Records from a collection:

┄┄┄┄┄┄

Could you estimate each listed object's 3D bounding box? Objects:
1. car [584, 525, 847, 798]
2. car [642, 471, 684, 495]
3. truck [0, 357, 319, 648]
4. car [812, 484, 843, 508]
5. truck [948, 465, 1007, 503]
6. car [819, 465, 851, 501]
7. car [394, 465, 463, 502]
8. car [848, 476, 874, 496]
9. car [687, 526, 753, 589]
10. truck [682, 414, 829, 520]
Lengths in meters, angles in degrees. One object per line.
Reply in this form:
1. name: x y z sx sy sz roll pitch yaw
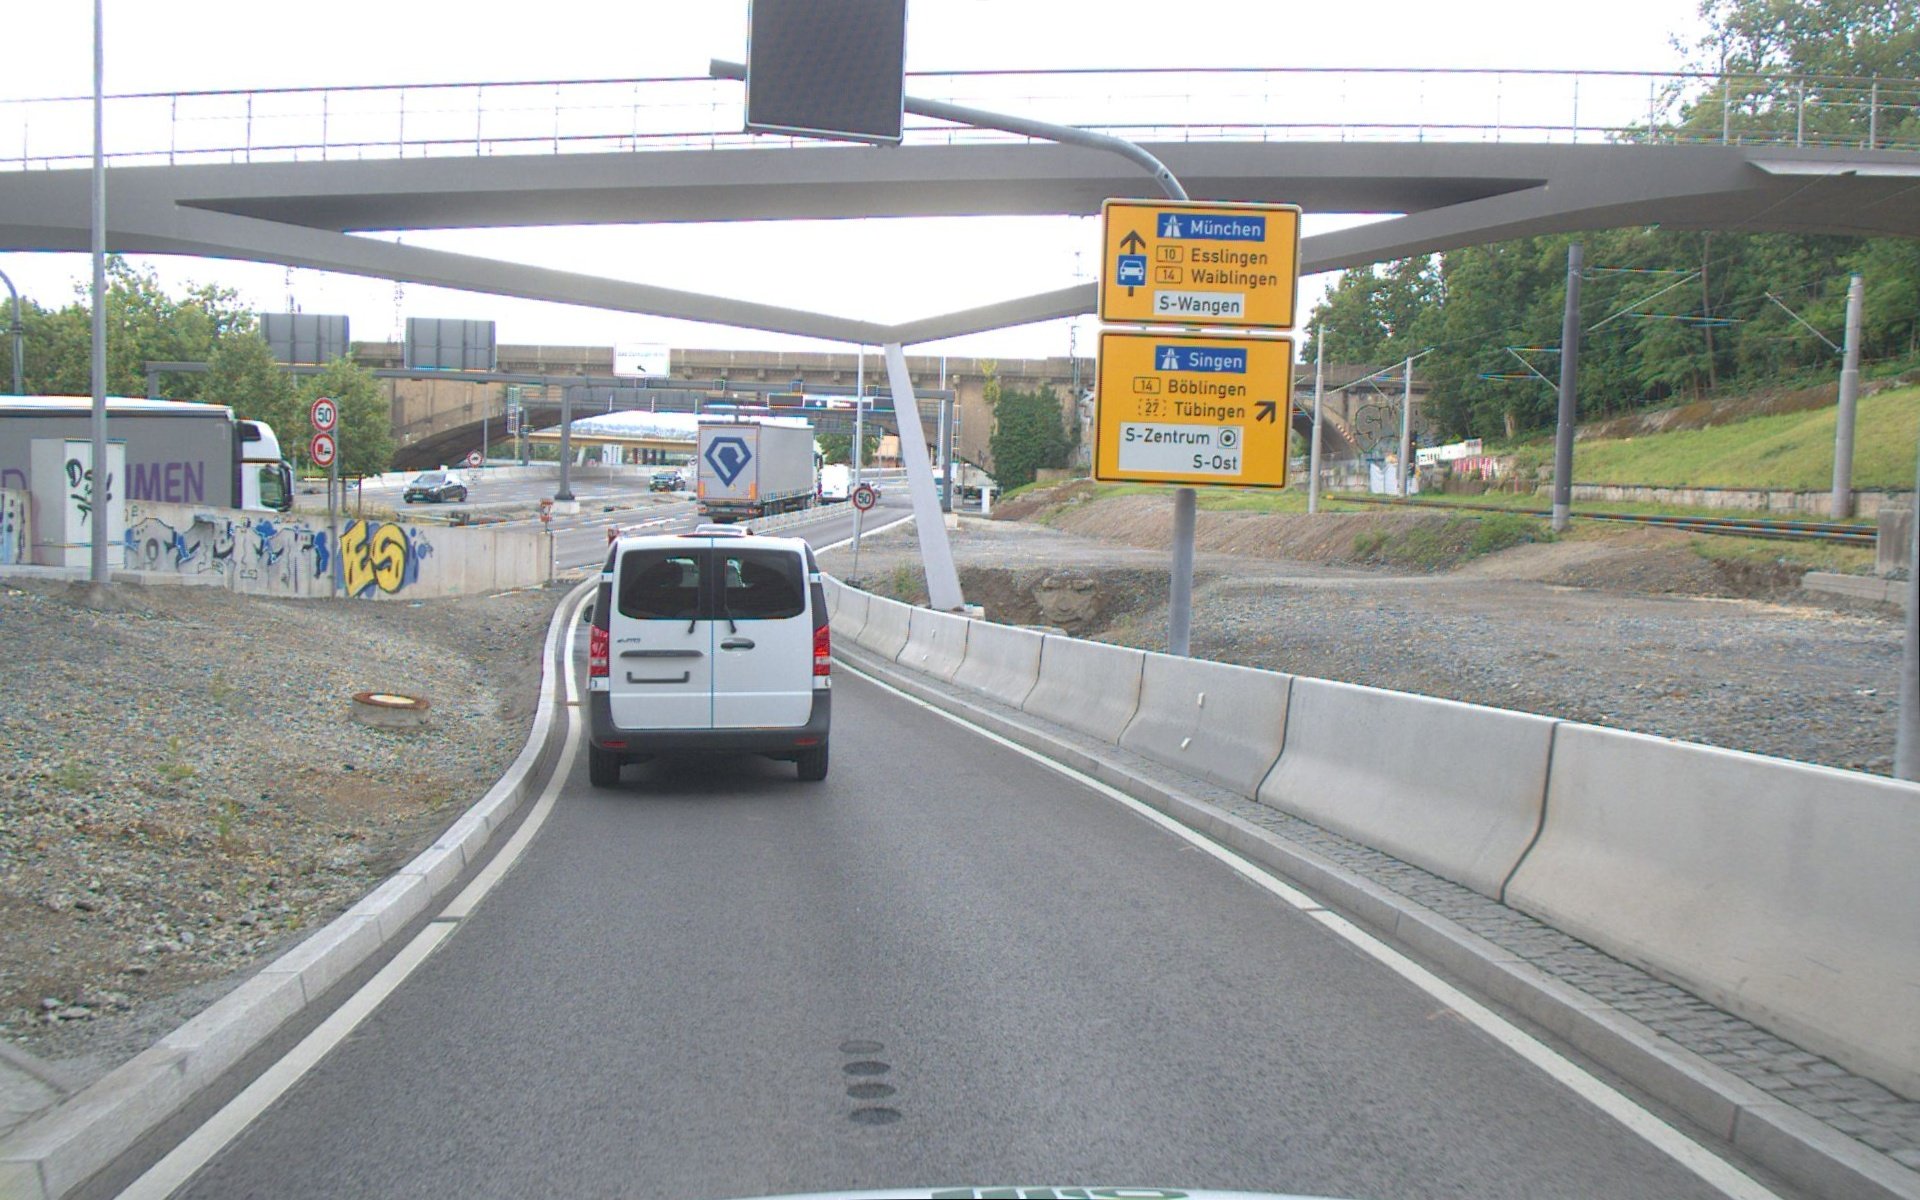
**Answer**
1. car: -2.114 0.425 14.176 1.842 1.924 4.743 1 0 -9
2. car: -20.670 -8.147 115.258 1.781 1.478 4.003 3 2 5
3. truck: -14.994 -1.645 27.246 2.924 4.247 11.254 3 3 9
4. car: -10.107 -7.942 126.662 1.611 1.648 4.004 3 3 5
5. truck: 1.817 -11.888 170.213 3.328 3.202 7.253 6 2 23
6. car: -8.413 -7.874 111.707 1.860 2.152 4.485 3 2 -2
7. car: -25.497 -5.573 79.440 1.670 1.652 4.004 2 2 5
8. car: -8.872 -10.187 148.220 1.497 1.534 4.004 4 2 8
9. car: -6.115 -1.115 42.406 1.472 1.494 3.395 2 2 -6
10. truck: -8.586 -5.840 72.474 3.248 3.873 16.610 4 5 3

┄┄┄┄┄┄

ABOUT THIS EXERCISE:
Every record is to be restated word for word, with the pictures left out.

SOLUTION TO THE EXERCISE:
Could you estimate each listed object's 3D bounding box? Objects:
1. car [584, 525, 847, 798]
2. car [642, 471, 684, 495]
3. truck [0, 357, 319, 648]
4. car [812, 484, 843, 508]
5. truck [948, 465, 1007, 503]
6. car [819, 465, 851, 501]
7. car [394, 465, 463, 502]
8. car [848, 476, 874, 496]
9. car [687, 526, 753, 589]
10. truck [682, 414, 829, 520]
Lengths in meters, angles in degrees. One object per line.
Reply in this form:
1. name: x y z sx sy sz roll pitch yaw
**Answer**
1. car: -2.114 0.425 14.176 1.842 1.924 4.743 1 0 -9
2. car: -20.670 -8.147 115.258 1.781 1.478 4.003 3 2 5
3. truck: -14.994 -1.645 27.246 2.924 4.247 11.254 3 3 9
4. car: -10.107 -7.942 126.662 1.611 1.648 4.004 3 3 5
5. truck: 1.817 -11.888 170.213 3.328 3.202 7.253 6 2 23
6. car: -8.413 -7.874 111.707 1.860 2.152 4.485 3 2 -2
7. car: -25.497 -5.573 79.440 1.670 1.652 4.004 2 2 5
8. car: -8.872 -10.187 148.220 1.497 1.534 4.004 4 2 8
9. car: -6.115 -1.115 42.406 1.472 1.494 3.395 2 2 -6
10. truck: -8.586 -5.840 72.474 3.248 3.873 16.610 4 5 3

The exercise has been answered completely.